Mexico’s Grupo Cementos de Chihuahua (GCC) reported a 6.8 per cent YoY decline in consolidated net sales to US$281.1m for the third quarter of 2020, compared with US$301.7m in the 3Q19.

The fall was primarily due to decreased cement volumes in the US, concrete volumes in Mexico and the depreciation of the Mexican peso, according to its earnings report. However, it was partially offset by higher cement volumes in Mexico and a favourable price environment in both markets.

Consolidated net sales in the 9M20 remained unchanged at US$705.3m against the prior year period.

Enrique Escalante, GCC's CEO, stated: "GCC had a steady EBITDA growth, a strong free cash flow generation and margin expansion, showing once again, the continued and successful execution of a comprehensive plan to reduce costs and expenses."

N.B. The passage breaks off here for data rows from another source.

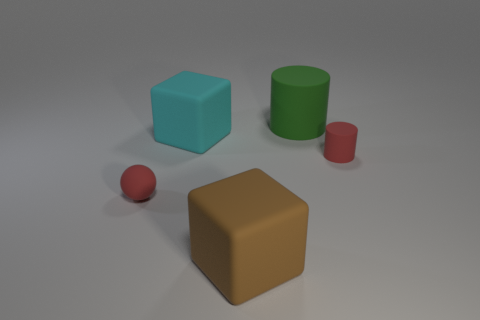Add 2 tiny brown metal blocks. How many objects exist? 7 Subtract all red cylinders. How many cylinders are left? 1 Subtract all spheres. How many objects are left? 4 Subtract 1 cylinders. How many cylinders are left? 1 Subtract all green blocks. Subtract all purple spheres. How many blocks are left? 2 Subtract all red cubes. How many green cylinders are left? 1 Subtract all green cylinders. Subtract all tiny red rubber things. How many objects are left? 2 Add 4 cylinders. How many cylinders are left? 6 Add 5 cyan rubber things. How many cyan rubber things exist? 6 Subtract 0 brown balls. How many objects are left? 5 
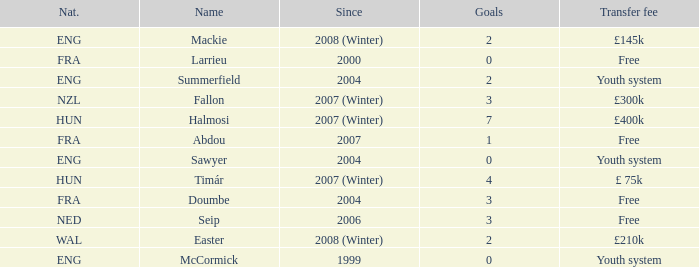What is the nationality of the player with a transfer fee of £400k? HUN. 
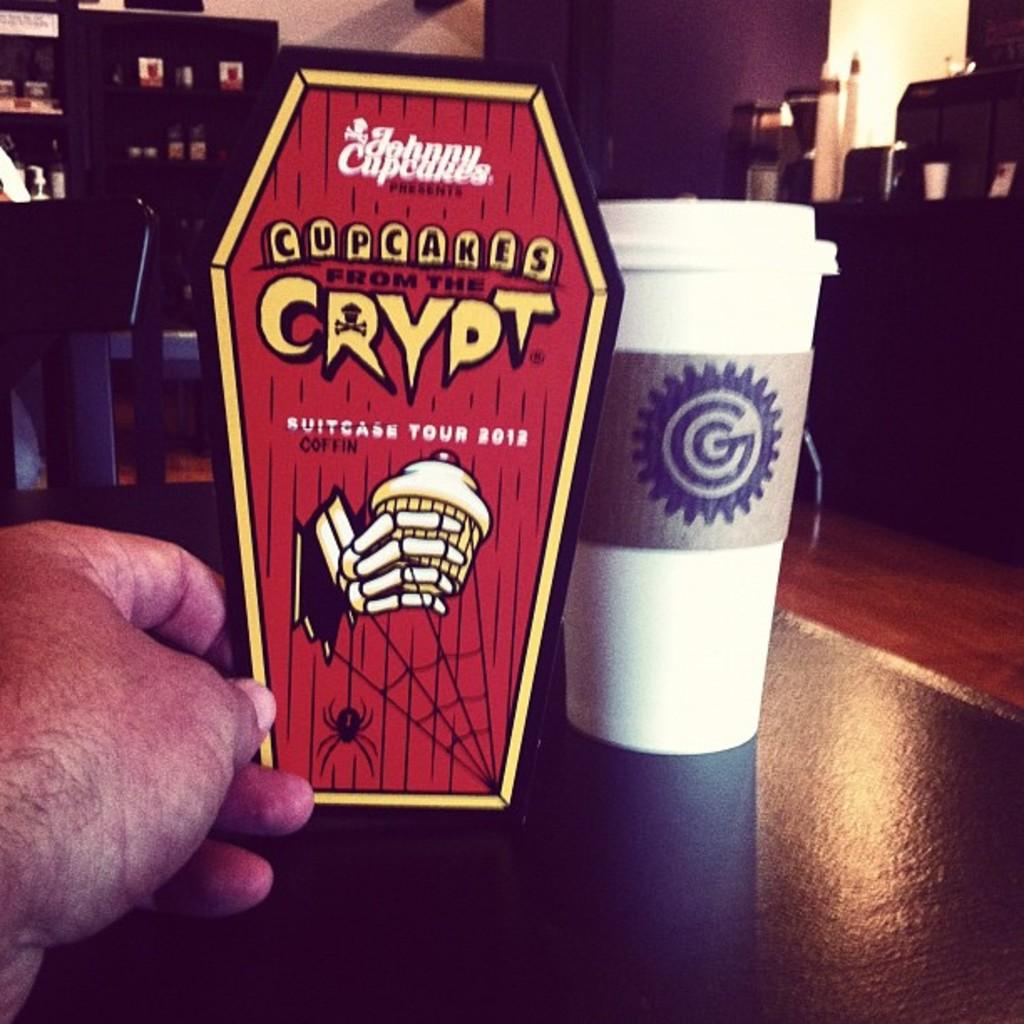What is the main object in the image? There is a glass in the image. Whose hand is visible in the image? A person's hand is visible in the image. What is the color of the surface on which other objects are placed? The surface is black. What can be seen in the background of the image? There is a wall and other objects visible in the background of the image. What degree of difficulty is the person attempting to balance on the glass in the image? There is no indication in the image that the person is attempting to balance on the glass, and therefore no degree of difficulty can be determined.

"We experienced mixed demand for our products in most of our markets in Mexico and the US; however, both exceeding our expectations from the beginning of the COVID-19 pandemic."

US sales represented 77 per cent of GCC's 3Q20 net sales but decreased eight per cent YoY to US$217.3m. This was due to a 14.6 per cent fall in cement volumes, which was itself partially offset by a 2.7 per cent and 3.6 per cent price increase in cement and concrete, respectively. The decrease in cement sales volumes was due to a tough comparison against a record third quarter last year and a global drop in oil well cement volumes.

Mexico sales decreased 2.7 per cent in the third quarter of 2020 to US$63.9m, on the back of a four per cent decline in concrete volumes. This was partially offset by an 8.1 per cent rise in cement volumes and a 1.3 per cent increase in cement prices, reflecting an increase in bagged cement sales. The country’s sales were heavily impacted by the depreciation of the Mexican peso.